I'm trying to compute repeatability of a count response variable from a Generalized linear mixed model with multiple fixed effects and individual ID as a random effect. I'm dealing with both overdispersion and zero-inflation, and am therefore looking to use a negative binomial distribution and zero-inflated GLMM, which has lead me to use the glmmADMB package. My response variable is the number of times that a subdominant male reindeer is chased by a dominant male reindeer, used as a proxy for what I'm calling "boldness" for the time being (i.e. number of times that the subdominant male instigated aggression from dominant male). I am interested to see if this behaviour can be examined in the animal personality paradigm, and therefore am trying to calculate repeatability.
glmm.nb.zi <- glmmadmb(Times.chased.dis ~ factor(Year) + Obs.time + Age + Day_num +
ASR + Weight.adj + DomAg ,
random =~1|ID, data=data.r, zeroInflation=TRUE, family ="nbinom")
GLMM's in R powered by AD Model Builder: #'
Family: nbinom
alpha = 1.9336
link = log
Zero inflation: p = 0.18252
Fixed effects:
Log-likelihood: -924.442
AIC: 1874.884
Formula: Times.chased.dis ~ factor(Year) + Obs.time + Age + Day_num + ASR +
Weight.adj + DomAg
(Intercept) factor(Year)2010 factor(Year)2013 factor(Year)2014 Obs.time
2.14602382 0.32409301 1.11688488 1.05475592 0.01505949
Age Day_num ASR Weight.adj DomAg
0.05685858 -0.07570367 -1.96255801 -1.76393450 1.41894334
Random effects:
Structure: Diagonal matrix
Group=ID
Variance StdDev
(Intercept) 0.03242 0.18
Number of observations: total=683, ID=46
I'm having trouble calculating repeatability as I cannot figure out the total variance associated with the random effect (specifically I don't know how to find the residual variance). Does anyone know how to calculate repeatability in this situation?
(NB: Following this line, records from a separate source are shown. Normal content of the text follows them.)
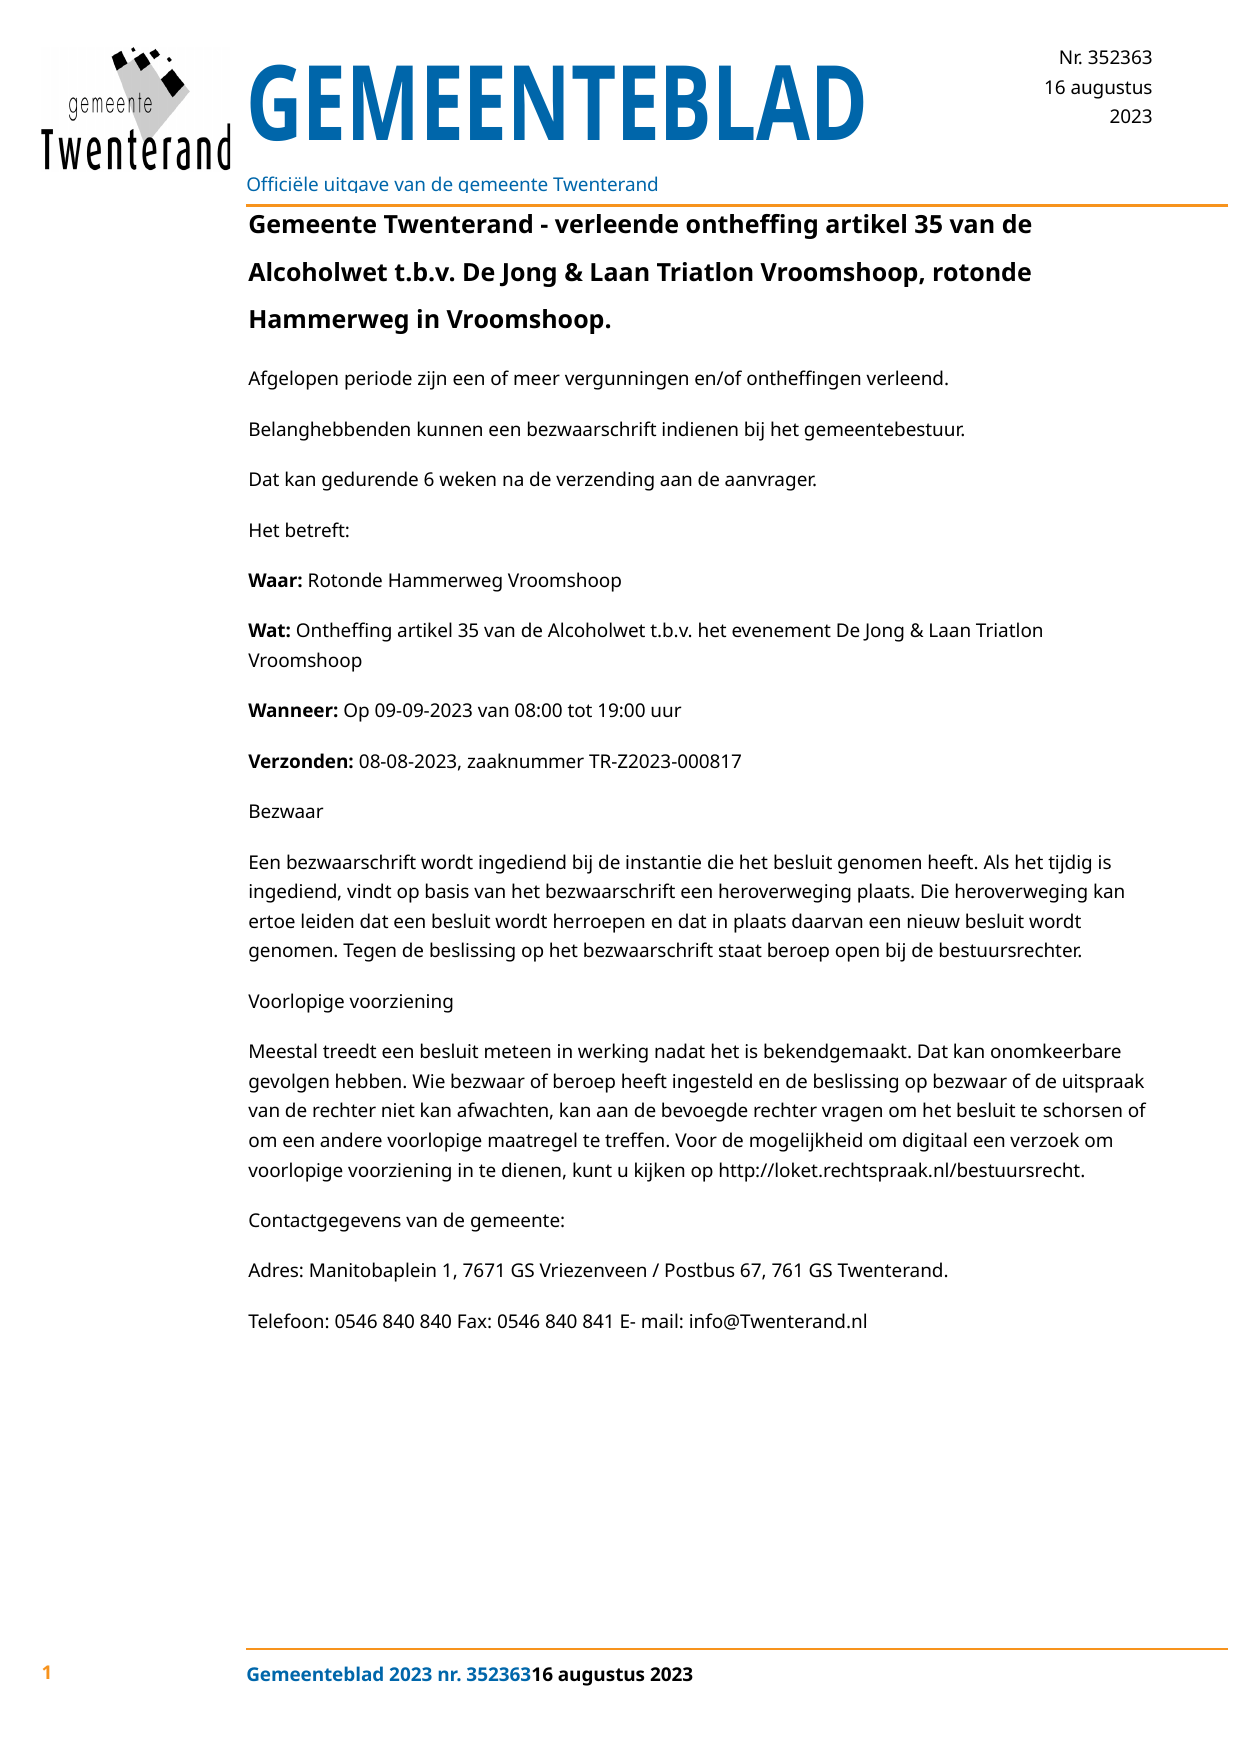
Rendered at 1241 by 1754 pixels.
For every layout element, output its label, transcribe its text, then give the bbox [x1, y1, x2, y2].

text Verzonden: 08-08-2023, zaaknummer TR-Z2023-000817 [248, 748, 1152, 774]
text Wanneer: Op 09-09-2023 van 08:00 tot 19:00 uur [248, 698, 1152, 723]
text Belanghebbenden kunnen een bezwaarschrift indienen bij het gemeentebestuur. [248, 416, 1152, 442]
text Het betreft: [248, 517, 1152, 542]
text Meestal treedt een besluit meteen in werking nadat het is bekendgemaakt. Dat kan onomkeerbare gevolgen hebben. Wie bezwaar of beroep heeft ingesteld en de beslissing op bezwaar of de uitspraak van de rechter niet kan afwachten, kan aan de bevoegde rechter vragen om het besluit te schorsen of om een andere voorlopige maatregel te treffen. Voor de mogelijkheid om digitaal een verzoek om voorlopige voorziening in te dienen, kunt u kijken op http://loket.rechtspraak.nl/bestuursrecht. [248, 1038, 1152, 1182]
text Wat: Ontheffing artikel 35 van de Alcoholwet t.b.v. het evenement De Jong & Laan Triatlon Vroomshoop [248, 618, 1152, 673]
text Dat kan gedurende 6 weken na de verzending aan de aanvrager. [248, 466, 1152, 492]
text Afgelopen periode zijn een of meer vergunningen en/of ontheffingen verleend. [248, 366, 1152, 391]
text Contactgegevens van de gemeente: [248, 1207, 1152, 1233]
text Bezwaar [248, 798, 1152, 824]
text Een bezwaarschrift wordt ingediend bij de instantie die het besluit genomen heeft. Als het tijdig is ingediend, vindt op basis van het bezwaarschrift een heroverweging plaats. Die heroverweging kan ertoe leiden dat een besluit wordt herroepen en dat in plaats daarvan een nieuw besluit wordt genomen. Tegen de beslissing op het bezwaarschrift staat beroep open bij de bestuursrechter. [248, 849, 1152, 963]
text Telefoon: 0546 840 840 Fax: 0546 840 841 E- mail: info@Twenterand.nl [248, 1308, 1152, 1334]
text Adres: Manitobaplein 1, 7671 GS Vriezenveen / Postbus 67, 761 GS Twenterand. [248, 1258, 1152, 1283]
text Voorlopige voorziening [248, 988, 1152, 1014]
text Waar: Rotonde Hammerweg Vroomshoop [248, 567, 1152, 593]
text Gemeente Twenterand - verleende ontheffing artikel 35 van de Alcoholwet t.b.v. De Jong & Laan Triatlon Vroomshoop, rotonde Hammerweg in Vroomshoop. [248, 207, 1152, 336]
picture [41, 47, 231, 172]

Would it be easier if I accounted for overdispersion by including an observation level random effect and allowed it to assume a Poisson distribution?
Best Answer
Unfortunately, as far as I know, there is currently no accepted way to estimate repeatability using a zero-inflated model. This is because of the two different distributions being fitted to the data which (I'm assuming) makes it very difficult to estimate the total variance in the data.
However, you can estimate repeatability using a Poisson error distribution as you suggested. The details for this are best found in Nakagawa & Schielzeth 2010 (Repeatability for Gaussian and non-Gaussian data, Biol Reviews). They detail the equations you need to estimate the residual variance for Poisson (or count) data. The key will be to determine whether your model estimates the overdispersion as additive or multiplicative - this changes how to estimate the residual. I'm not sure what glmmADMB uses but I know that MCMCglmm uses additive overdispersion and glmmPQL uses multiplicative overdispersion (and you can fit mixed effect poisson models with both). Nakagawa & Shielzeth did create a R package for estimating repeatability (rptR) associated with the paper, but as far as I can remember it doesn't handle other fixed or random effects and I don't think it has been updated lately (hence I haven't used it in several years). However, if you can get the code from the package, maybe that would be helpful?